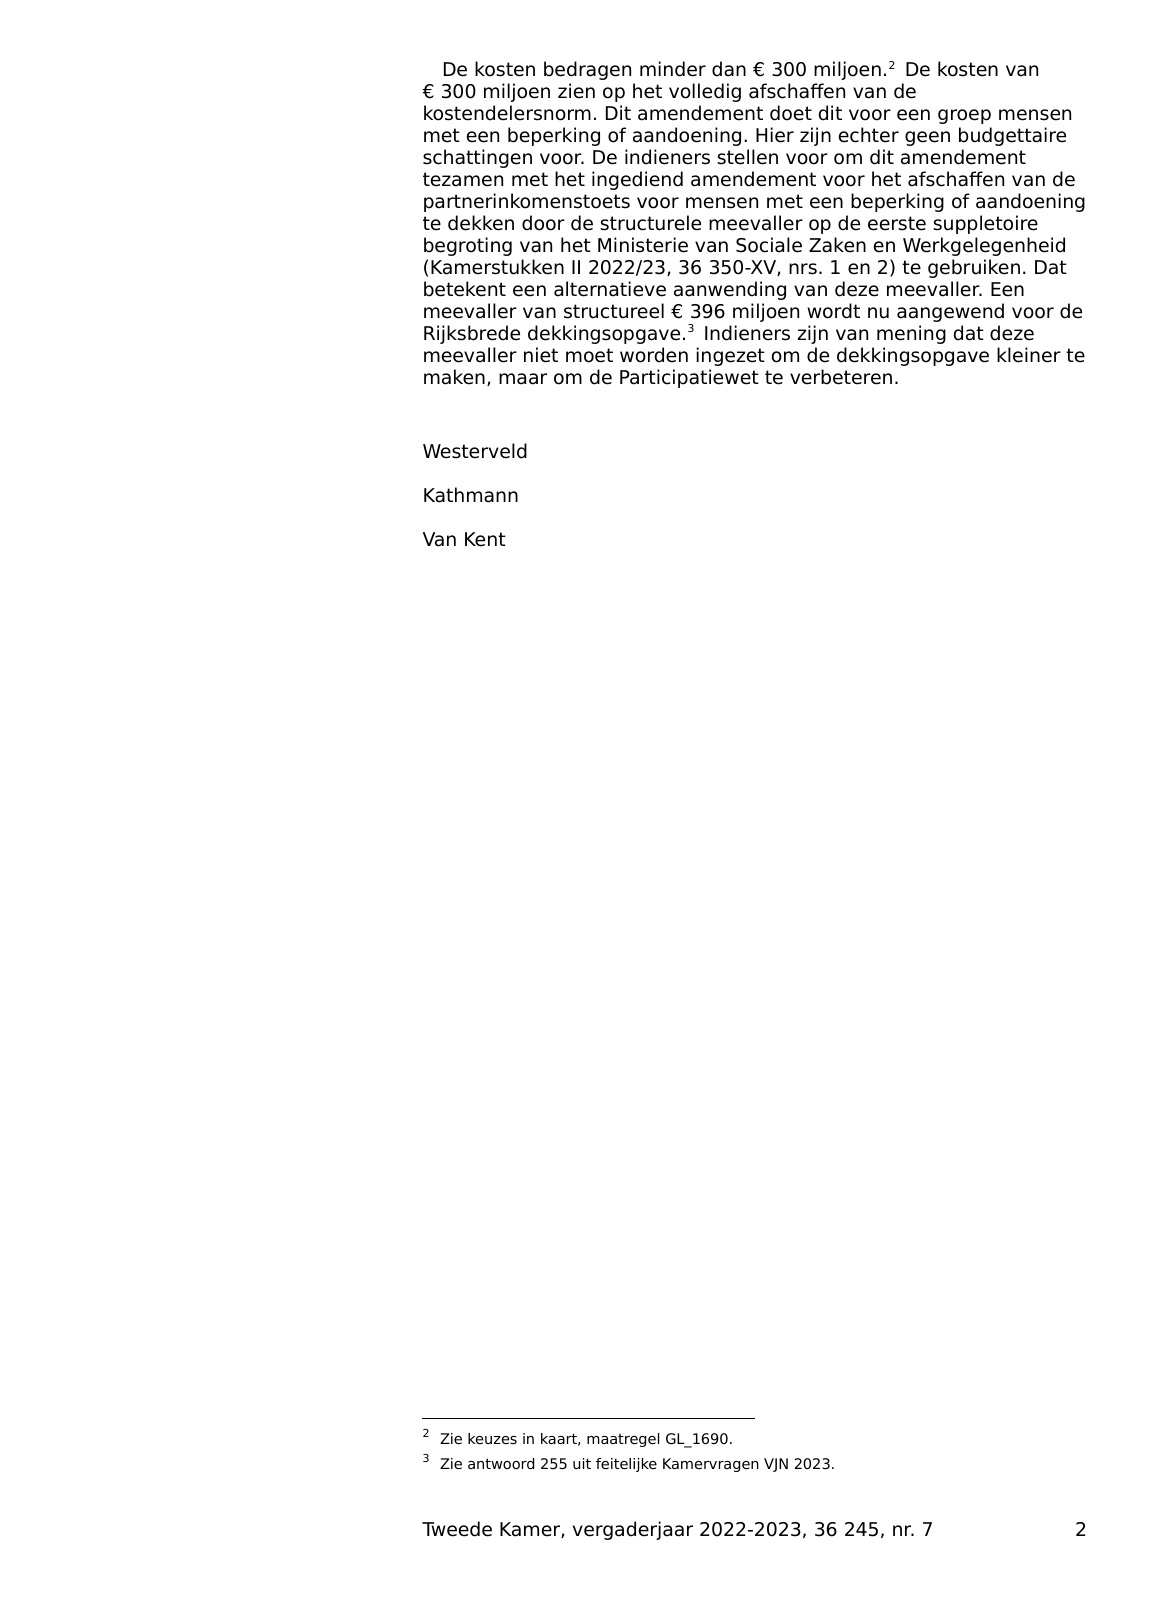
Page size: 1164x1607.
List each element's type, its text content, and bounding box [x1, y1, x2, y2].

text Westerveld Kathmann Van Kent [422, 419, 1087, 551]
text Zie keuzes in kaart, maatregel GL_1690. [422, 1427, 1087, 1449]
text De kosten bedragen minder dan € 300 miljoen. De kosten van € 300 miljoen zien op het volledig afschaffen van de kostendelersnorm. Dit amendement doet dit voor een groep mensen met een beperking of aandoening. Hier zijn echter geen budgettaire schattingen voor. De indieners stellen voor om dit amendement tezamen met het ingediend amendement voor het afschaffen van de partnerinkomenstoets voor mensen met een beperking of aandoening te dekken door de structurele meevaller op de eerste suppletoire begroting van het Ministerie van Sociale Zaken en Werkgelegenheid (Kamerstukken II 2022/23, 36 350-XV, nrs. 1 en 2) te gebruiken. Dat betekent een alternatieve aanwending van deze meevaller. Een meevaller van structureel € 396 miljoen wordt nu aangewend voor de Rijksbrede dekkingsopgave. Indieners zijn van mening dat deze meevaller niet moet worden ingezet om de dekkingsopgave kleiner te maken, maar om de Participatiewet te verbeteren. [422, 59, 1087, 389]
text Zie antwoord 255 uit feitelijke Kamervragen VJN 2023. [422, 1452, 1087, 1474]

> Your objective: The images in the entries above should be left out; please reproduce exactly the lines from the first through the one containing "text Zie keuzes".

> Exercise answer:
Page size: 1164x1607.
List each element's type, its text content, and bounding box [x1, y1, x2, y2].

text Westerveld Kathmann Van Kent [422, 419, 1087, 551]
text Zie keuzes in kaart, maatregel GL_1690. [422, 1427, 1087, 1449]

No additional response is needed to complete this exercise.